• ASSIGNMENT:
Scan the entries below. Return every line that includes "barLineRight".

• PROVIDED RECORDS:
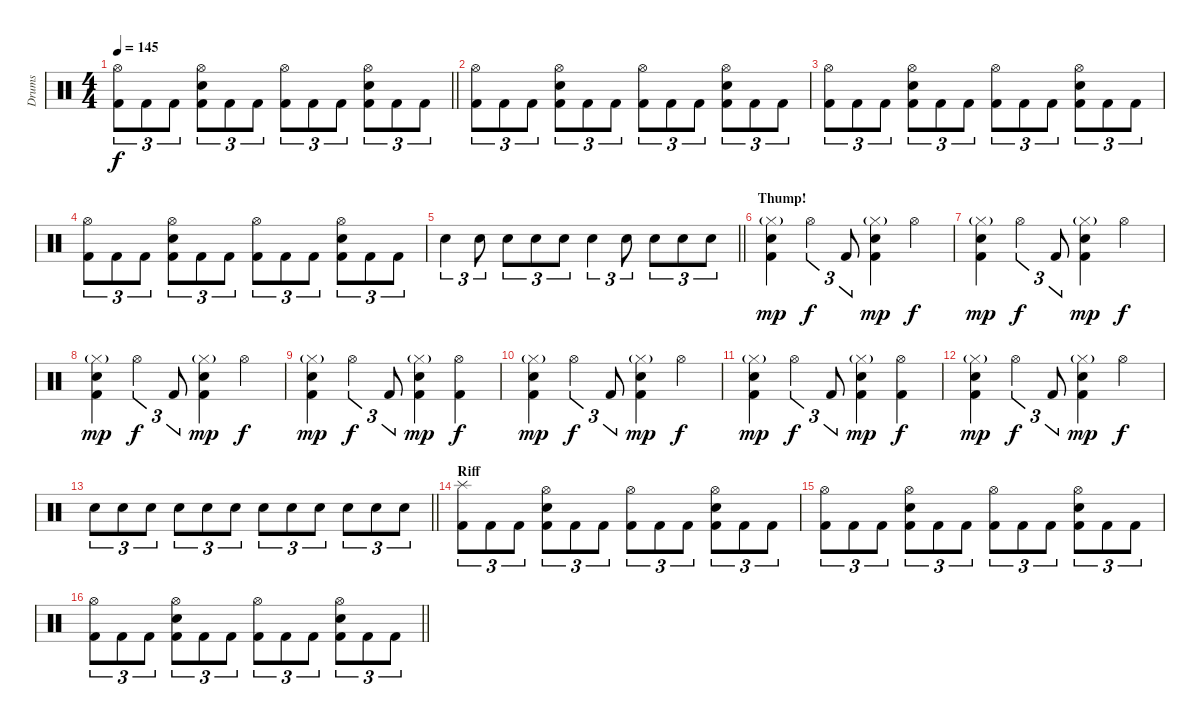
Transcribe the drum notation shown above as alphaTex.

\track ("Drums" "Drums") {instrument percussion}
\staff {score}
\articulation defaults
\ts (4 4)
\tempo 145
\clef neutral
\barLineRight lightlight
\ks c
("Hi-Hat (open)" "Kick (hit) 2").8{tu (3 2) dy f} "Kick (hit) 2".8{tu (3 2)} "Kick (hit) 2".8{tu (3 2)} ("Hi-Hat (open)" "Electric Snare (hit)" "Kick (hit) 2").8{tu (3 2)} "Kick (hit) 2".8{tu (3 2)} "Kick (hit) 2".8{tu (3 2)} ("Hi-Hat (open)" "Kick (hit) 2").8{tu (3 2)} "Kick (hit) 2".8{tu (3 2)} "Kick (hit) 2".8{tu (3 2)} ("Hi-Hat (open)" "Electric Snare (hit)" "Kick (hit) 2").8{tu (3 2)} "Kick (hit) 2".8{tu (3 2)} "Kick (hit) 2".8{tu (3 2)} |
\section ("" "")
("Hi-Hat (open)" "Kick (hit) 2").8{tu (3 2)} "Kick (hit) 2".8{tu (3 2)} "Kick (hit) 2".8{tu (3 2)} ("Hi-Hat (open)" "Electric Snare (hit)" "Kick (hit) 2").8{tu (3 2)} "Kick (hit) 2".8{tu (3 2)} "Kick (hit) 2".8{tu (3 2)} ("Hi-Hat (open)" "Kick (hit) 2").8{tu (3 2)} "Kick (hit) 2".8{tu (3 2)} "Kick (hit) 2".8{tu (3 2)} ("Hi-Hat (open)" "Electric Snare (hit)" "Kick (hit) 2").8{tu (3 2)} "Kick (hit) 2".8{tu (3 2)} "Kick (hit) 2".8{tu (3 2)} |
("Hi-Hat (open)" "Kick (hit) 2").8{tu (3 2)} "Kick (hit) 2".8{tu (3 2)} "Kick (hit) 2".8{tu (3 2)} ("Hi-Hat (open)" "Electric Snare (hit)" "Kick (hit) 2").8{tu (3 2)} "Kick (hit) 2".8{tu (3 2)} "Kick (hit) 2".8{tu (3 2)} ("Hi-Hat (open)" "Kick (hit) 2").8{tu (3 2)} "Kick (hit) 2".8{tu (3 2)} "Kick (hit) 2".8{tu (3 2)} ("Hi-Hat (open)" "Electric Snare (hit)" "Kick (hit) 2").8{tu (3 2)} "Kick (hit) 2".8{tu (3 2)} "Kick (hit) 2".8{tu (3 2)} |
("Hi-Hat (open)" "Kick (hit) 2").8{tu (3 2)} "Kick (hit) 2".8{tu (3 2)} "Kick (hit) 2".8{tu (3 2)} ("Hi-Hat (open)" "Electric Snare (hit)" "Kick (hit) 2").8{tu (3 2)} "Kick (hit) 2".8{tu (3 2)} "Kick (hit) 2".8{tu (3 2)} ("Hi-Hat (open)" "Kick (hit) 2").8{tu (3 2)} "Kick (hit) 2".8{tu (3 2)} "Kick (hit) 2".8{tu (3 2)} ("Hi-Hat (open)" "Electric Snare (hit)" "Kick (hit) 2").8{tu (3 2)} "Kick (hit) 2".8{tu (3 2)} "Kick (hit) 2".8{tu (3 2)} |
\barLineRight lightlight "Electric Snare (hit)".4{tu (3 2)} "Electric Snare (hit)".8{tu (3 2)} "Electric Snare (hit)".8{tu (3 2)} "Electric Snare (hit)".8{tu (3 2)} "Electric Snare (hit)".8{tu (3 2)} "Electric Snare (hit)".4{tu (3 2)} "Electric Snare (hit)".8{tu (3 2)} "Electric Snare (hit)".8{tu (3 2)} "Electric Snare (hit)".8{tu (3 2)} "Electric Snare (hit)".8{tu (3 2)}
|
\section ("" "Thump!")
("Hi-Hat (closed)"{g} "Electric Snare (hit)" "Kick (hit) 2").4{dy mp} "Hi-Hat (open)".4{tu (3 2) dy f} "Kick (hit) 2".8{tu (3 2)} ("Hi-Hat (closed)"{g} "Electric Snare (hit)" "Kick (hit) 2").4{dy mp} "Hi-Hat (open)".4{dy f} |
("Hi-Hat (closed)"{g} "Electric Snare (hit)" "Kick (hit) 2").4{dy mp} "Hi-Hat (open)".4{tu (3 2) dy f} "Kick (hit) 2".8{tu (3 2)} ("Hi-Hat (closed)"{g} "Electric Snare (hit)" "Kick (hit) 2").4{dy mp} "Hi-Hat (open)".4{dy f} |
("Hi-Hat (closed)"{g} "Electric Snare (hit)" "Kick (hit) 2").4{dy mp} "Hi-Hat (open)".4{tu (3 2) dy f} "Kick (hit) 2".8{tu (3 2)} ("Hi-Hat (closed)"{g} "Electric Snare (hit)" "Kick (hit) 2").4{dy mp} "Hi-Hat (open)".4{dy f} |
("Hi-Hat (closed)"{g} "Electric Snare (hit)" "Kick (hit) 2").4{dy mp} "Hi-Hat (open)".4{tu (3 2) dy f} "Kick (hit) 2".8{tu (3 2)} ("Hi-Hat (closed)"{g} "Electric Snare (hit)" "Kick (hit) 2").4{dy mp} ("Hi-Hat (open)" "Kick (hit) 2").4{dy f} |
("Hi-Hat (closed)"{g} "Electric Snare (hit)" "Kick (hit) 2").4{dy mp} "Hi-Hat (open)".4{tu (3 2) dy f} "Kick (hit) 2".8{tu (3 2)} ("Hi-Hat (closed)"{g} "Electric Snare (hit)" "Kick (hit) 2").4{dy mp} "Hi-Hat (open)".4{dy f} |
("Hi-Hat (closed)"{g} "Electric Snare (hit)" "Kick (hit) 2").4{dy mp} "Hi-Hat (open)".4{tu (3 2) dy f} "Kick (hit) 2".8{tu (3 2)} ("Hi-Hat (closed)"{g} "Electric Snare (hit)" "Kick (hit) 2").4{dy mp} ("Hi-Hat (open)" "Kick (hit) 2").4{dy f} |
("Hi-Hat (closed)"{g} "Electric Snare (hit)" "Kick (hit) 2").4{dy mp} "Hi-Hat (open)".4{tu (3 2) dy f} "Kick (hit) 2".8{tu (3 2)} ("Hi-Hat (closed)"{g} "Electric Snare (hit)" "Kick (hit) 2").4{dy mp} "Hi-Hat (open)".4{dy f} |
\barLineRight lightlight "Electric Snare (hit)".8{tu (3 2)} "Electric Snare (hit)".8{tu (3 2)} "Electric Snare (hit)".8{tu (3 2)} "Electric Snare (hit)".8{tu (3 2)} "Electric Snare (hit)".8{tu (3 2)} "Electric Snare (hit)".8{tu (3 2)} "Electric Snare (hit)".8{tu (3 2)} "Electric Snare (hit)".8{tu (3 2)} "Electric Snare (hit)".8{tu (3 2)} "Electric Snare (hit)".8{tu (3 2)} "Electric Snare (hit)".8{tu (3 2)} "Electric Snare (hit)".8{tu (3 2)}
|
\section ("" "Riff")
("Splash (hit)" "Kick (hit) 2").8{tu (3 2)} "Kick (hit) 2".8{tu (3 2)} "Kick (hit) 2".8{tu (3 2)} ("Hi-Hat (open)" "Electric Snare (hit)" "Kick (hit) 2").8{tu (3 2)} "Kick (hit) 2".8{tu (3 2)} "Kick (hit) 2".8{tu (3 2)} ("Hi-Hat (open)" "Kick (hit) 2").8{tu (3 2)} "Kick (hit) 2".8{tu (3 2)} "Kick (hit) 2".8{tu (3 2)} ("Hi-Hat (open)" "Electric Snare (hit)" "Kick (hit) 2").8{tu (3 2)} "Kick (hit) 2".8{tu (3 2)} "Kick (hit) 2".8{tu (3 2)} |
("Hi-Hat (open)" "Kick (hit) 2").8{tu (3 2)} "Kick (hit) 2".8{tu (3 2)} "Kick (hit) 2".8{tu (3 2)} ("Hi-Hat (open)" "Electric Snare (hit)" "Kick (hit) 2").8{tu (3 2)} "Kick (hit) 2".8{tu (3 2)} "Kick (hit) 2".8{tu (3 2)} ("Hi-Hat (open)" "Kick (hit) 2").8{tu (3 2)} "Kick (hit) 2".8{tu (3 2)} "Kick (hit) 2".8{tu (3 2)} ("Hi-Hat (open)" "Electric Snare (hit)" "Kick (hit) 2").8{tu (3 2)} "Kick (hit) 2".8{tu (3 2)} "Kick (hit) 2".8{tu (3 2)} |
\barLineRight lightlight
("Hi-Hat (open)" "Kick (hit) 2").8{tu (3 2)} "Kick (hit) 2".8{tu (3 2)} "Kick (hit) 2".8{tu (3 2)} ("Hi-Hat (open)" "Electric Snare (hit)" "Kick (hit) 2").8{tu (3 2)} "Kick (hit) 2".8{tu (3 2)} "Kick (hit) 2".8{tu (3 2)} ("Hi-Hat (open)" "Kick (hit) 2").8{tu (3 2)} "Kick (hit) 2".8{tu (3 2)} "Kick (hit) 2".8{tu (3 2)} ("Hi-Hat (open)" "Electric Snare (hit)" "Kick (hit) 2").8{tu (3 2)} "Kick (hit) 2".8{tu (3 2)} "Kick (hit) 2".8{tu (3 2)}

• RESULT OF THE TASK:
\barLineRight lightlight
\barLineRight lightlight "Electric Snare (hit)".4{tu (3 2)} "Electric Snare (hit)".8{tu (3 2)} "Electric Snare (hit)".8{tu (3 2)} "Electric Snare (hit)".8{tu (3 2)} "Electric Snare (hit)".8{tu (3 2)} "Electric Snare (hit)".4{tu (3 2)} "Electric Snare (hit)".8{tu (3 2)} "Electric Snare (hit)".8{tu (3 2)} "Electric Snare (hit)".8{tu (3 2)} "Electric Snare (hit)".8{tu (3 2)}
\barLineRight lightlight "Electric Snare (hit)".8{tu (3 2)} "Electric Snare (hit)".8{tu (3 2)} "Electric Snare (hit)".8{tu (3 2)} "Electric Snare (hit)".8{tu (3 2)} "Electric Snare (hit)".8{tu (3 2)} "Electric Snare (hit)".8{tu (3 2)} "Electric Snare (hit)".8{tu (3 2)} "Electric Snare (hit)".8{tu (3 2)} "Electric Snare (hit)".8{tu (3 2)} "Electric Snare (hit)".8{tu (3 2)} "Electric Snare (hit)".8{tu (3 2)} "Electric Snare (hit)".8{tu (3 2)}
\barLineRight lightlight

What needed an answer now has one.